[Record set]
++++++++++++++++++++

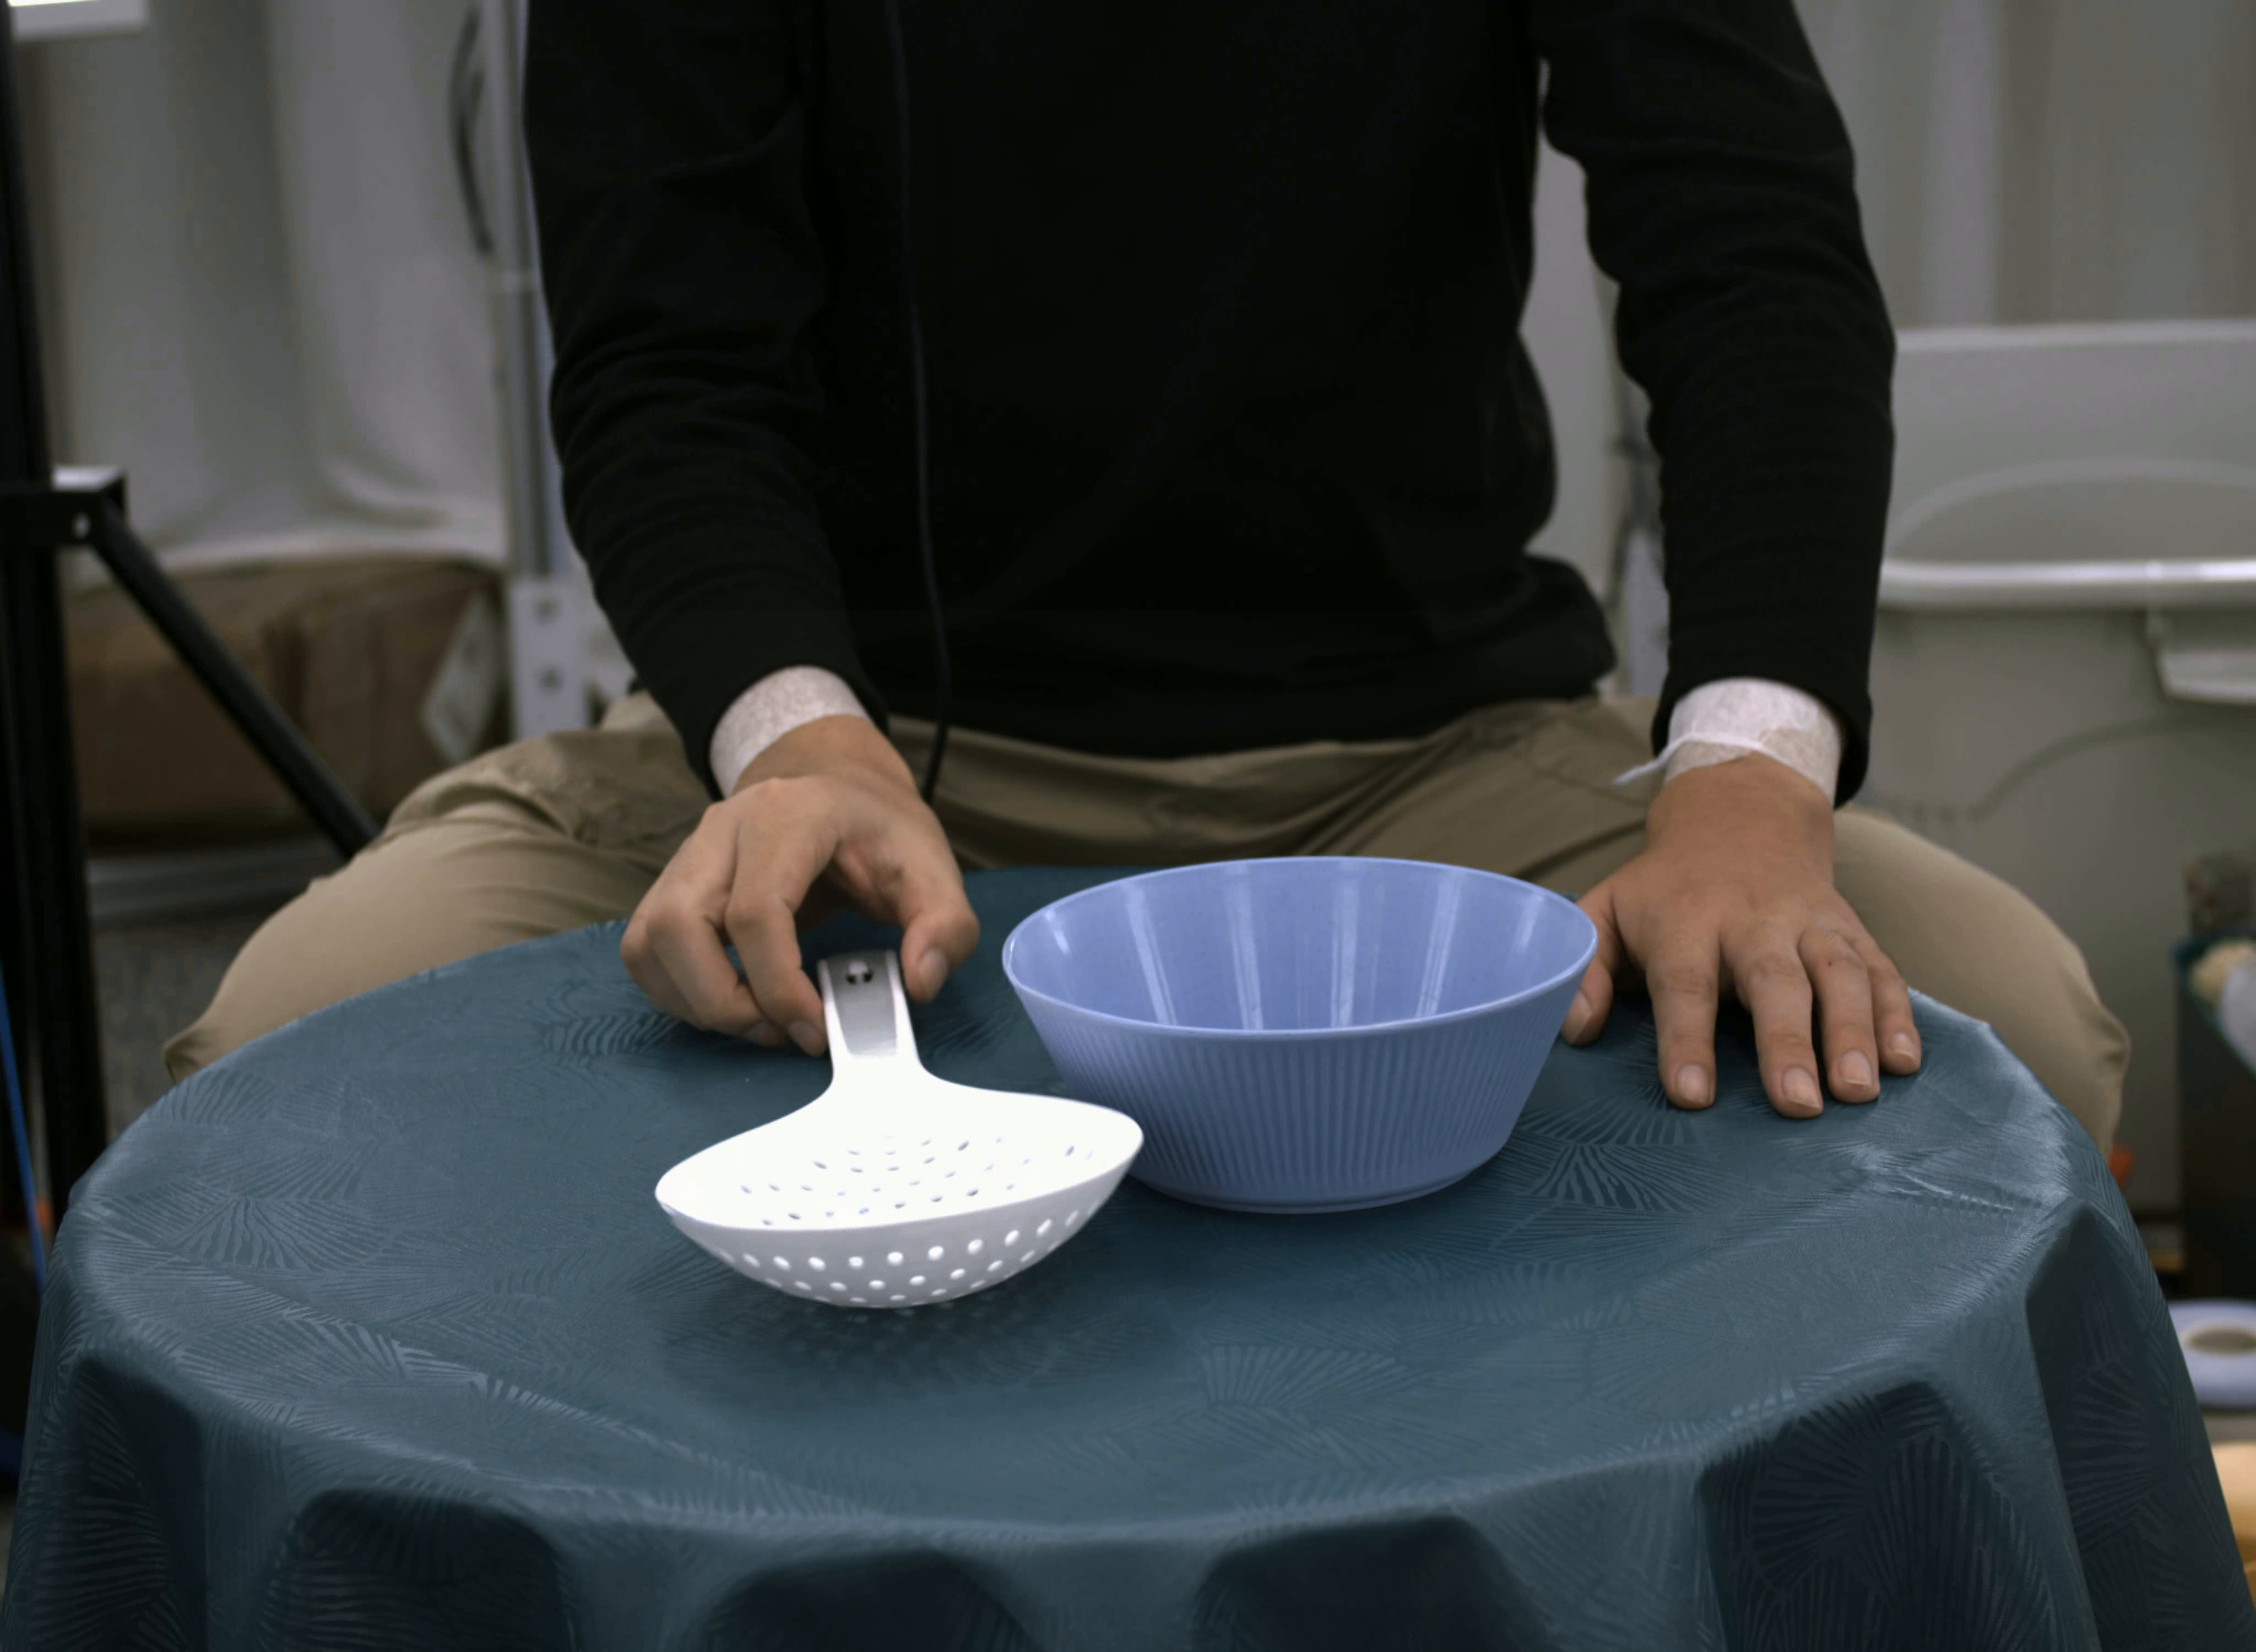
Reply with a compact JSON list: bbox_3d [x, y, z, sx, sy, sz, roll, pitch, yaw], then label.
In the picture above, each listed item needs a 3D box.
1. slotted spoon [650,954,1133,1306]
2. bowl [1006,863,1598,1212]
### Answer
[{"bbox_3d":[-0.075,0.081,1.581,0.135,0.045,0.352,-10,15,-3],"label":"slotted spoon"},{"bbox_3d":[0.052,0.065,1.574,0.175,0.070,0.177,-3,14,-1],"label":"bowl"}]
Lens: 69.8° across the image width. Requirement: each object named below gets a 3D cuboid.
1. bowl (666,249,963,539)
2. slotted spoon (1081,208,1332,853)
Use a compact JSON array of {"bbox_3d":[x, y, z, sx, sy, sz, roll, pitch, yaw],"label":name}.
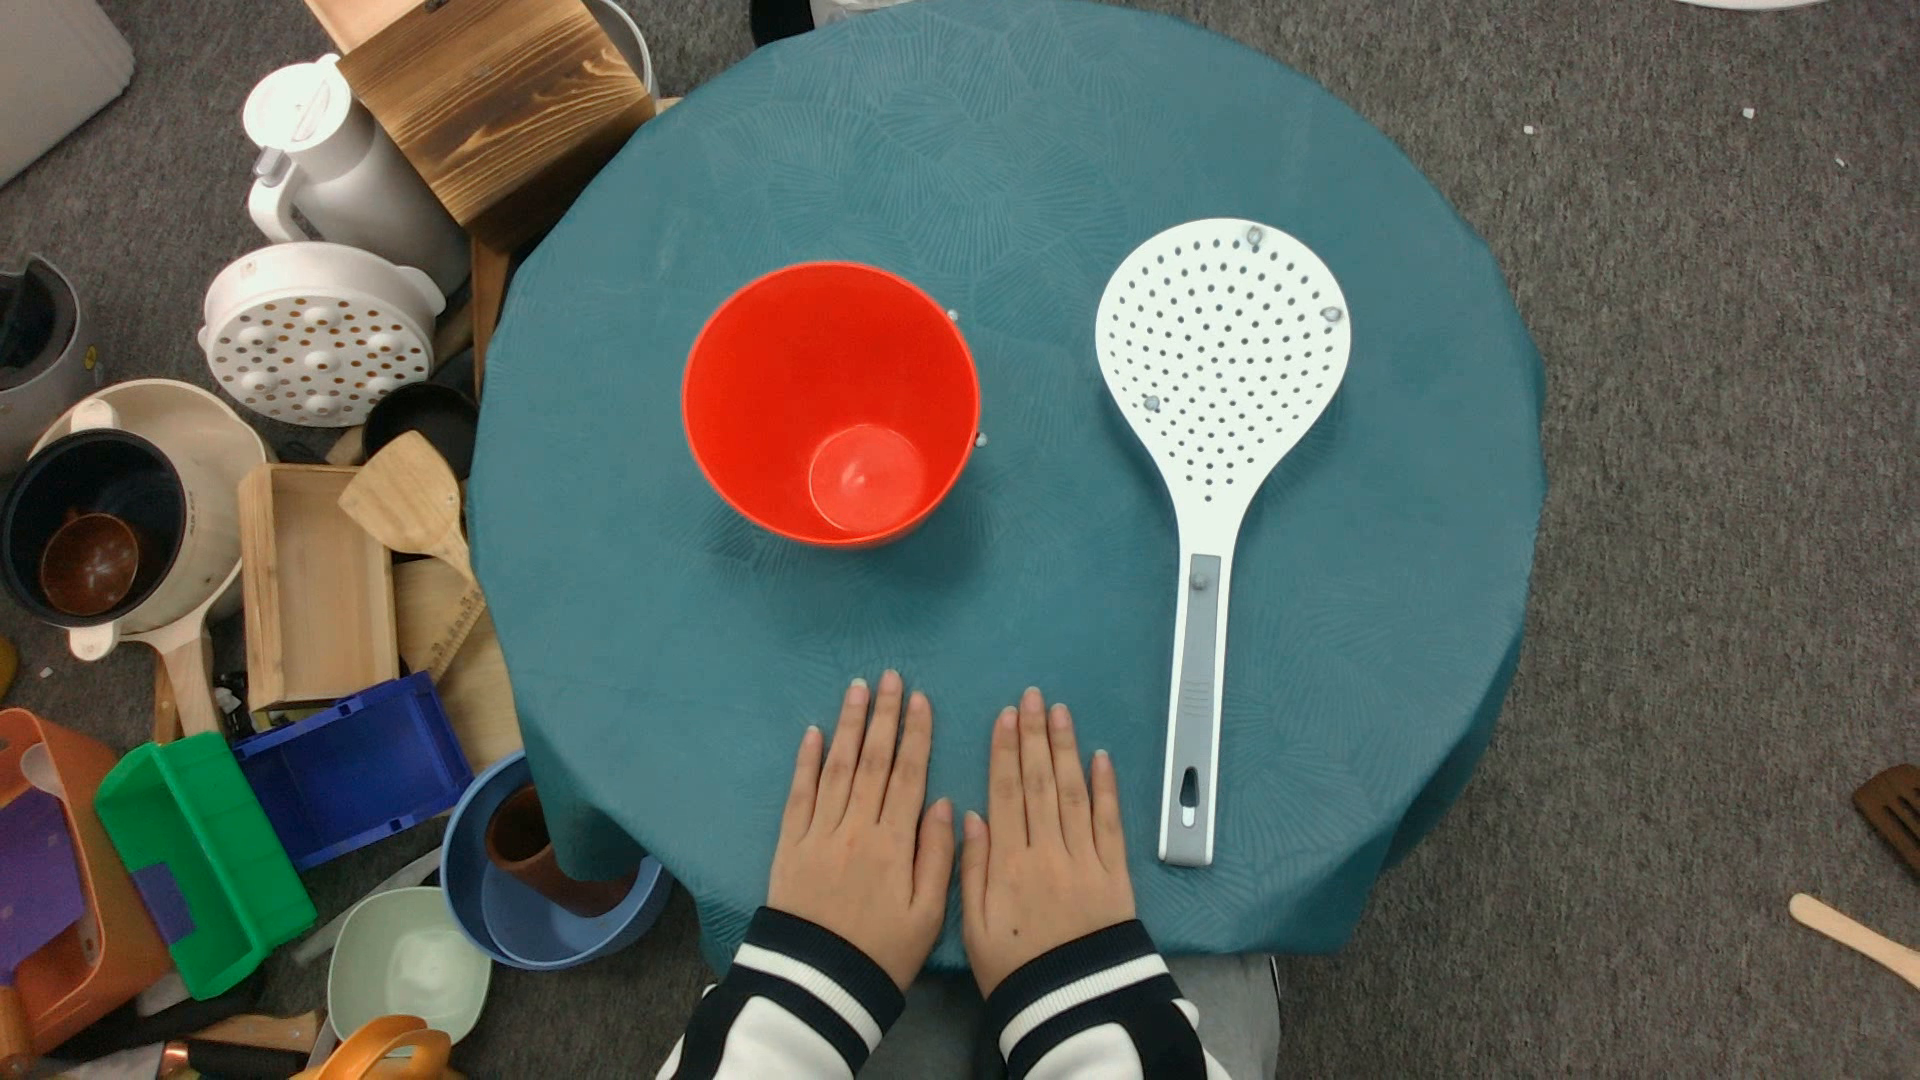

++++++++++++++++++++

[Prompt] Copy out every line of the material above exactly, skipping the pictures.

[Answer box]
Reply with a compact JSON list: bbox_3d [x, y, z, sx, sy, sz, roll, pitch, yaw], then label.
In the picture above, each listed item needs a 3D box.
1. slotted spoon [650,954,1133,1306]
2. bowl [1006,863,1598,1212]
### Answer
[{"bbox_3d":[-0.075,0.081,1.581,0.135,0.045,0.352,-10,15,-3],"label":"slotted spoon"},{"bbox_3d":[0.052,0.065,1.574,0.175,0.070,0.177,-3,14,-1],"label":"bowl"}]
Lens: 69.8° across the image width. Requirement: each object named below gets a 3D cuboid.
1. bowl (666,249,963,539)
2. slotted spoon (1081,208,1332,853)
Use a compact JSON array of {"bbox_3d":[x, y, z, sx, sy, sz, roll, pitch, yaw],"label":name}.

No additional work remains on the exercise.